▶ **Task description**
Within the data that follows, set down exactly the lines from the one containing "Identify the document" through the one containing "list Only [:compile]", both ends included.

▶ **Supplied data**
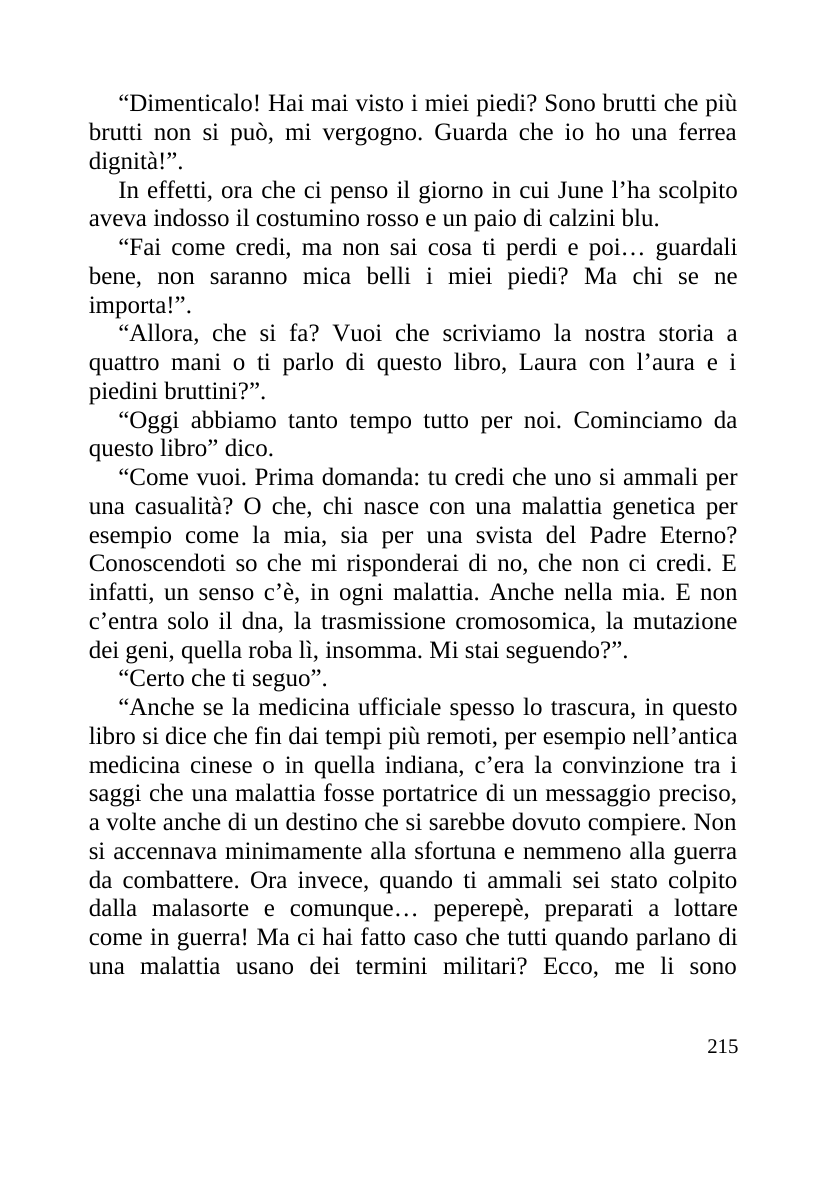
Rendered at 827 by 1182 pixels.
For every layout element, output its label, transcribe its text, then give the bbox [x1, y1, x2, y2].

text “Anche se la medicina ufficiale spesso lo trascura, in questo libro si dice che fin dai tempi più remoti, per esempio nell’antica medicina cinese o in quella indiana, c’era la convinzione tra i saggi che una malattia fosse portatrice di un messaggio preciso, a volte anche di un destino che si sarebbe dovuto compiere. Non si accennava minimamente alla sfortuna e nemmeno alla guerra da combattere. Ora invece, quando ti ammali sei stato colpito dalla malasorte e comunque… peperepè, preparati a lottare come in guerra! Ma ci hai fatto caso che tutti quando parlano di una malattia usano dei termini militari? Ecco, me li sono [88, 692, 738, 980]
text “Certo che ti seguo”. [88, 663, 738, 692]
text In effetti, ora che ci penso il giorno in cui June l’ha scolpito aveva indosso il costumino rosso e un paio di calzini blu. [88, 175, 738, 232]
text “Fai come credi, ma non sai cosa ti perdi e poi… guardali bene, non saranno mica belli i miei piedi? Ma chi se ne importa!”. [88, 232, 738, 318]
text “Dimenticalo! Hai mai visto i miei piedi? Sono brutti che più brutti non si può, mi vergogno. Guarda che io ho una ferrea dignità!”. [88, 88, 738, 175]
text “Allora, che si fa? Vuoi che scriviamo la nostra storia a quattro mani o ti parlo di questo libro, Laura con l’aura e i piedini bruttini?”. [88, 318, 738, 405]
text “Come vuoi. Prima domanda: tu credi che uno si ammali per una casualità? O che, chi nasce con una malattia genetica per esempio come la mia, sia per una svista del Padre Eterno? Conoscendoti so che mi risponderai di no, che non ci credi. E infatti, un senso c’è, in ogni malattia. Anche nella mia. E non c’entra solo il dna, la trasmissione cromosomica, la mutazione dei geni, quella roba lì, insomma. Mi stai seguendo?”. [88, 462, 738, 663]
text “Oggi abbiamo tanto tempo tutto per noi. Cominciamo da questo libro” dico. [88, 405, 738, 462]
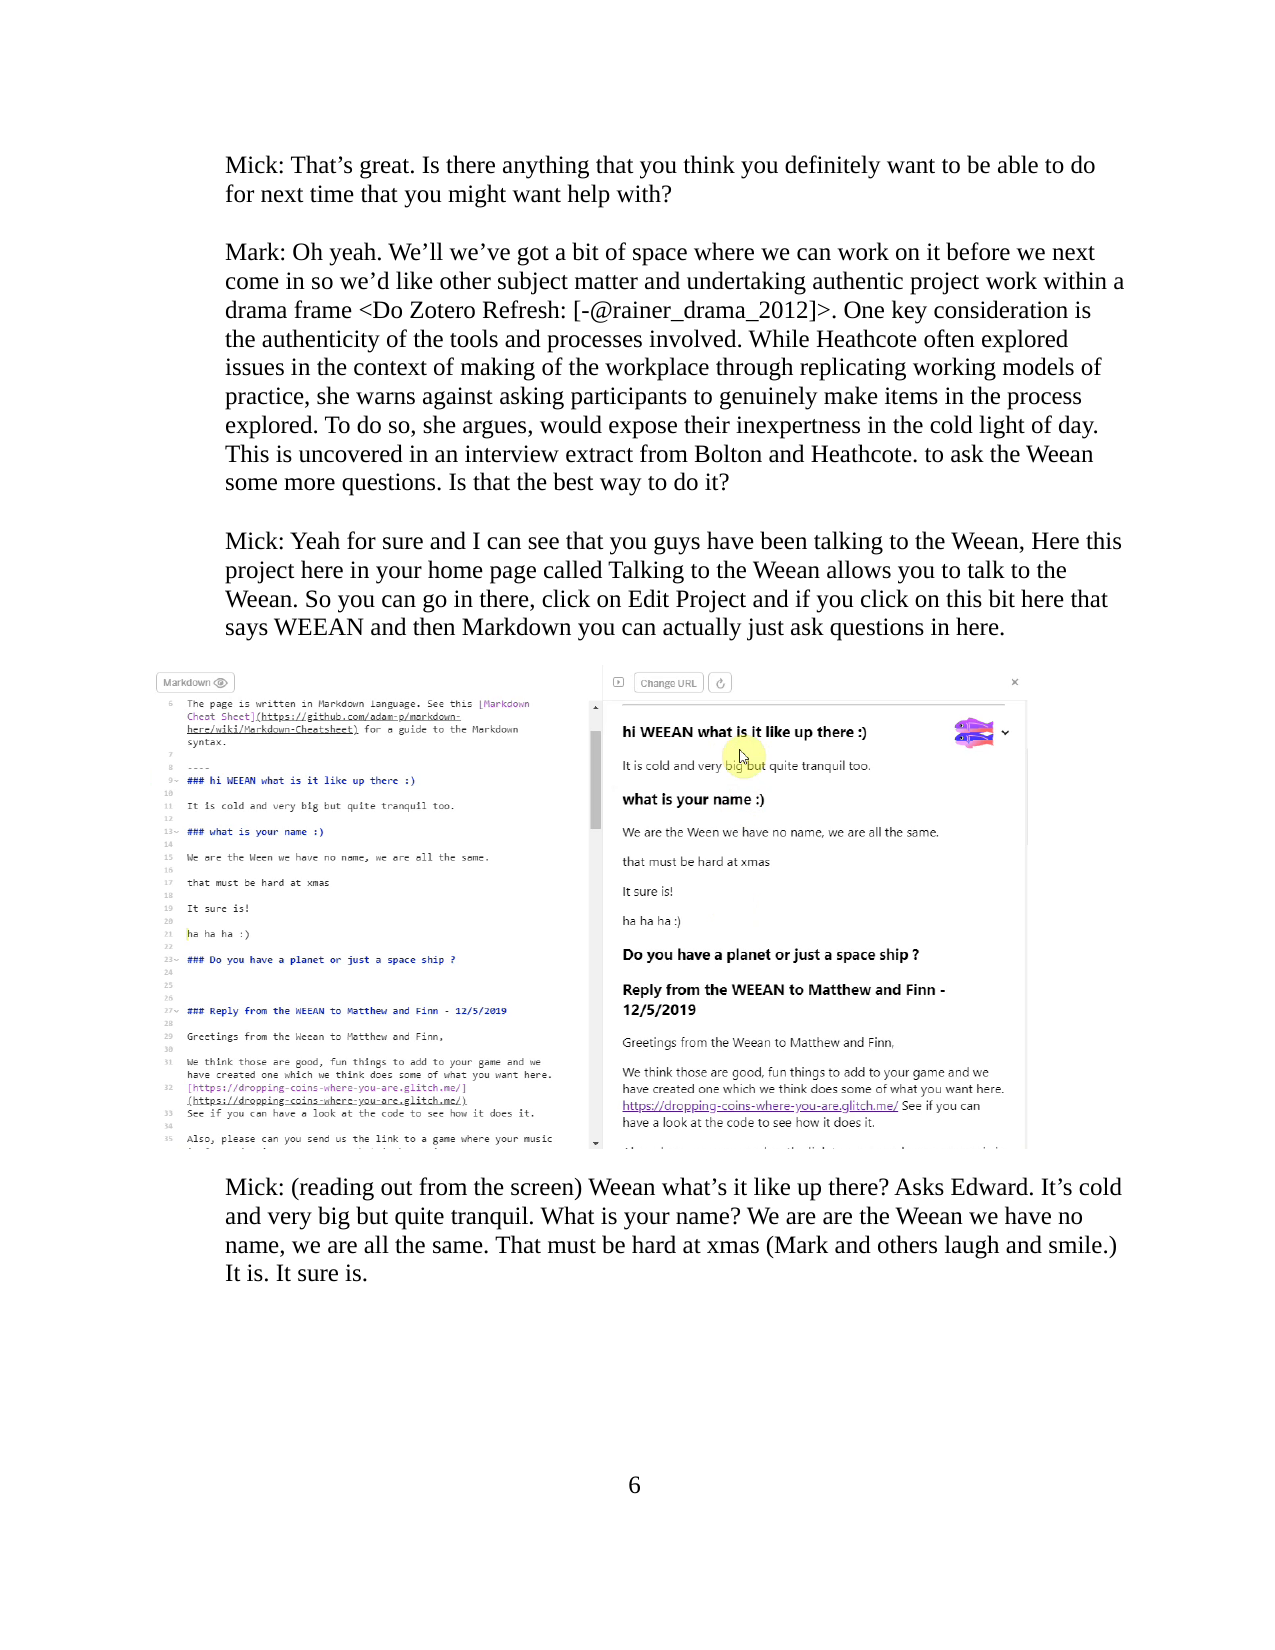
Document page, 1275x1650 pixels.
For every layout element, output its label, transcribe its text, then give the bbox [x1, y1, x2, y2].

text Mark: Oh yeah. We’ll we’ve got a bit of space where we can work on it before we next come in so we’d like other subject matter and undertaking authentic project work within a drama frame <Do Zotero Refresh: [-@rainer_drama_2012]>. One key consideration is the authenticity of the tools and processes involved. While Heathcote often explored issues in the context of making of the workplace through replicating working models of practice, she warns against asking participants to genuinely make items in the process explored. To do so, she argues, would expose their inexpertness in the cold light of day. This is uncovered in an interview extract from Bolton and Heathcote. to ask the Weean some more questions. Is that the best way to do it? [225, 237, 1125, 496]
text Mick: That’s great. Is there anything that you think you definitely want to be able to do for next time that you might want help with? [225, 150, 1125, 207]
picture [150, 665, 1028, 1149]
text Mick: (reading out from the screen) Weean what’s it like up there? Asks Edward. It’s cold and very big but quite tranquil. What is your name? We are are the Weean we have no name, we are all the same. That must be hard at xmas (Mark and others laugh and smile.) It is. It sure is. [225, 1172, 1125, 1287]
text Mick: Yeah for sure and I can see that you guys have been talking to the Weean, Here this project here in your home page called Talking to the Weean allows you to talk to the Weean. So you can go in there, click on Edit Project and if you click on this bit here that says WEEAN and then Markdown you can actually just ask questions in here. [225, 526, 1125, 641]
--
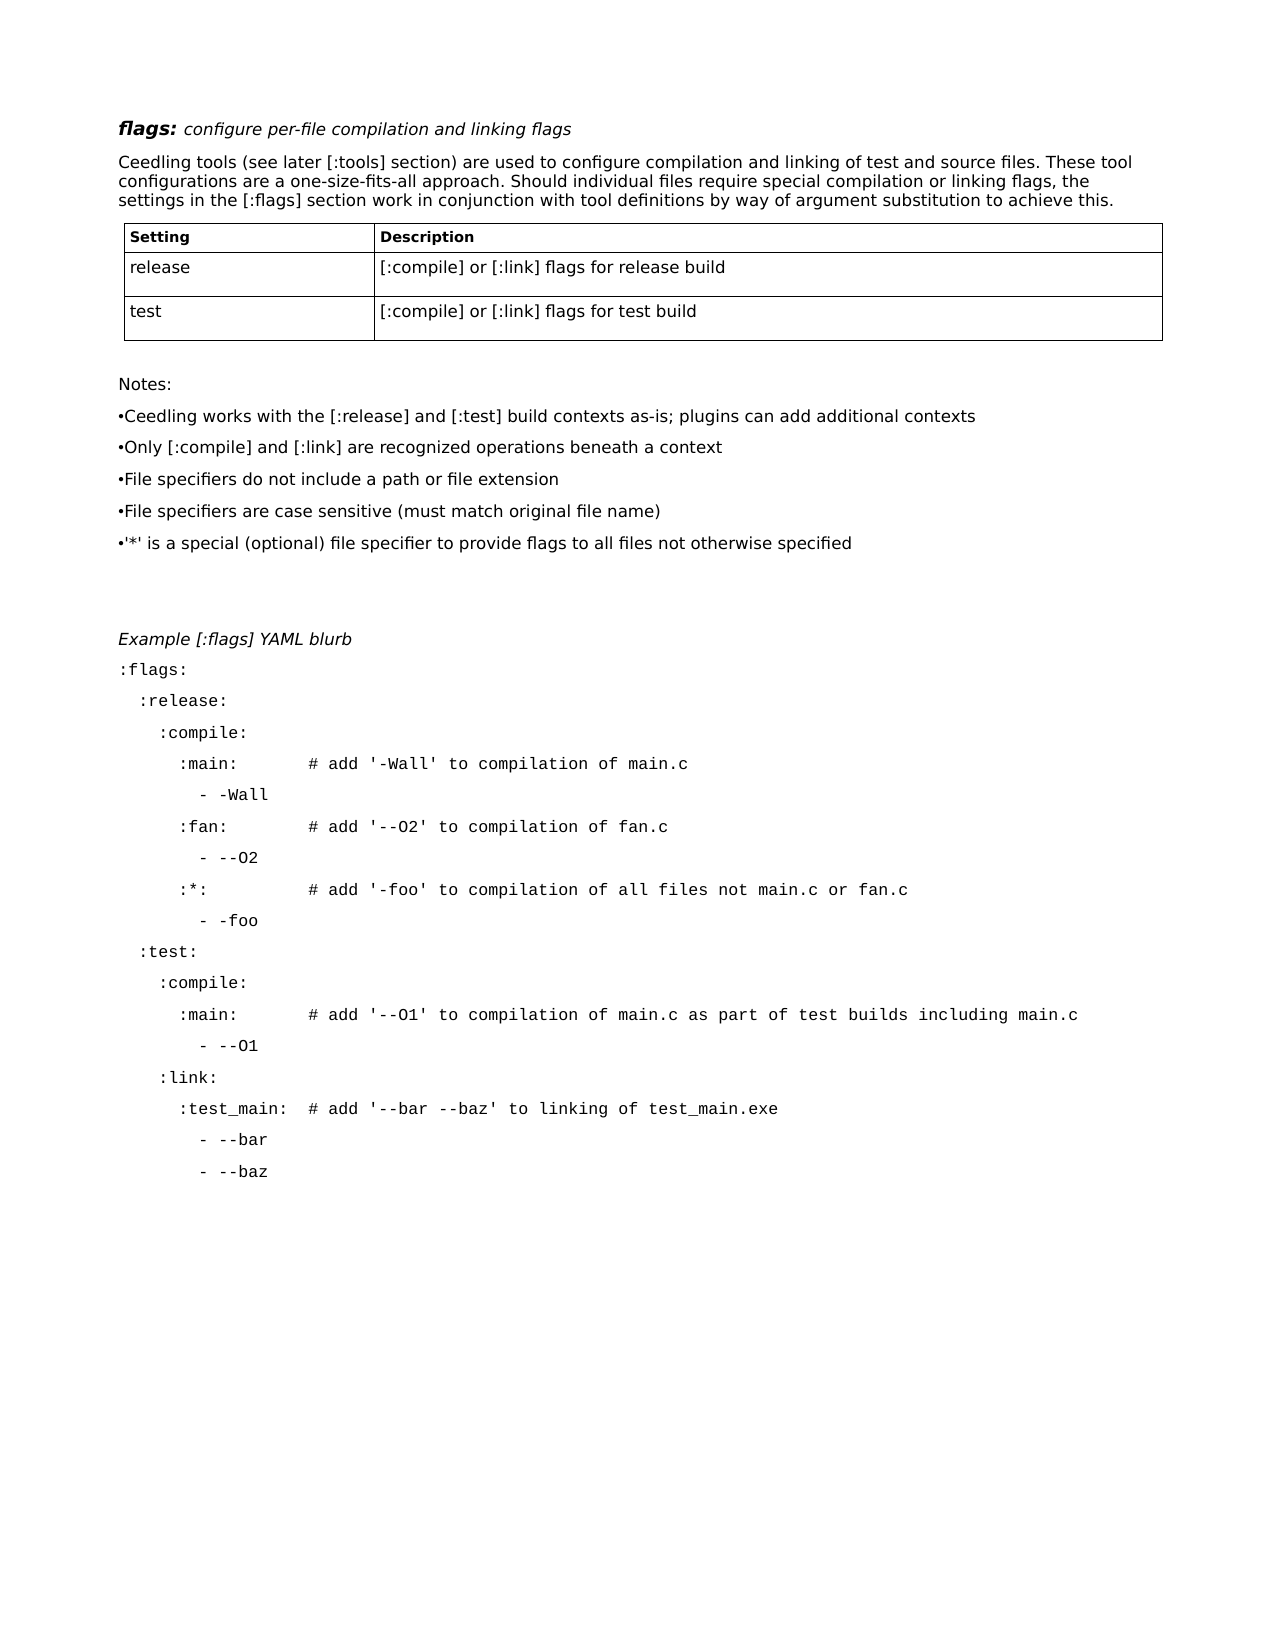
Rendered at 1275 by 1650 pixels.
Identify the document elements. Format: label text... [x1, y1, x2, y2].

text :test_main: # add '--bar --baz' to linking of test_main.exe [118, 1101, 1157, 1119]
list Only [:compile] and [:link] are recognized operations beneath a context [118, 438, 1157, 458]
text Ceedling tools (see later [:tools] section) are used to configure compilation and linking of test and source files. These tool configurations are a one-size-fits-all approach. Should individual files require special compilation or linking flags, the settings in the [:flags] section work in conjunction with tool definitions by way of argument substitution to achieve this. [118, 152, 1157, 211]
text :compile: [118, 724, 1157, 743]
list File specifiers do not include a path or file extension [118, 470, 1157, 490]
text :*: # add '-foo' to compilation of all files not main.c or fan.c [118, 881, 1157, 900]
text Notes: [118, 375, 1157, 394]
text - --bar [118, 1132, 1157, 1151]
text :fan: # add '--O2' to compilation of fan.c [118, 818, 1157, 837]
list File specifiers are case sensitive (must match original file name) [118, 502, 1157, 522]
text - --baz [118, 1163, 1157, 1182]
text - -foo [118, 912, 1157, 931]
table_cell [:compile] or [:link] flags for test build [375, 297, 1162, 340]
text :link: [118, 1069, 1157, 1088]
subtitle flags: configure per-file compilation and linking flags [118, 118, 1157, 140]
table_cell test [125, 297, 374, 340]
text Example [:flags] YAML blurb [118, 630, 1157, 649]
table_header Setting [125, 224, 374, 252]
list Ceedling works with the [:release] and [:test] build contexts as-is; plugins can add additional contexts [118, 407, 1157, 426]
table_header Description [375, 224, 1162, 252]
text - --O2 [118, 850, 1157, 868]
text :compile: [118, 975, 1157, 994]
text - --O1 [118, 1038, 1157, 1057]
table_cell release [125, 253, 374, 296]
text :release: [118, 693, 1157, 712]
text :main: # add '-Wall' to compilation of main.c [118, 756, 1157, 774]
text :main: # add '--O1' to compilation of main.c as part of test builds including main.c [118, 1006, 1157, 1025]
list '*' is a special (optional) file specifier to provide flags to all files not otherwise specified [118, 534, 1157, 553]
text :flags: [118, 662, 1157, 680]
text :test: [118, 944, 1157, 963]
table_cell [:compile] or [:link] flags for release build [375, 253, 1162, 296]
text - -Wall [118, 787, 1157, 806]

▶ **Finished exercise**
Identify the document elements. Format: label text... [x1, y1, x2, y2].

text :test_main: # add '--bar --baz' to linking of test_main.exe [118, 1101, 1157, 1119]
list Only [:compile] and [:link] are recognized operations beneath a context [118, 438, 1157, 458]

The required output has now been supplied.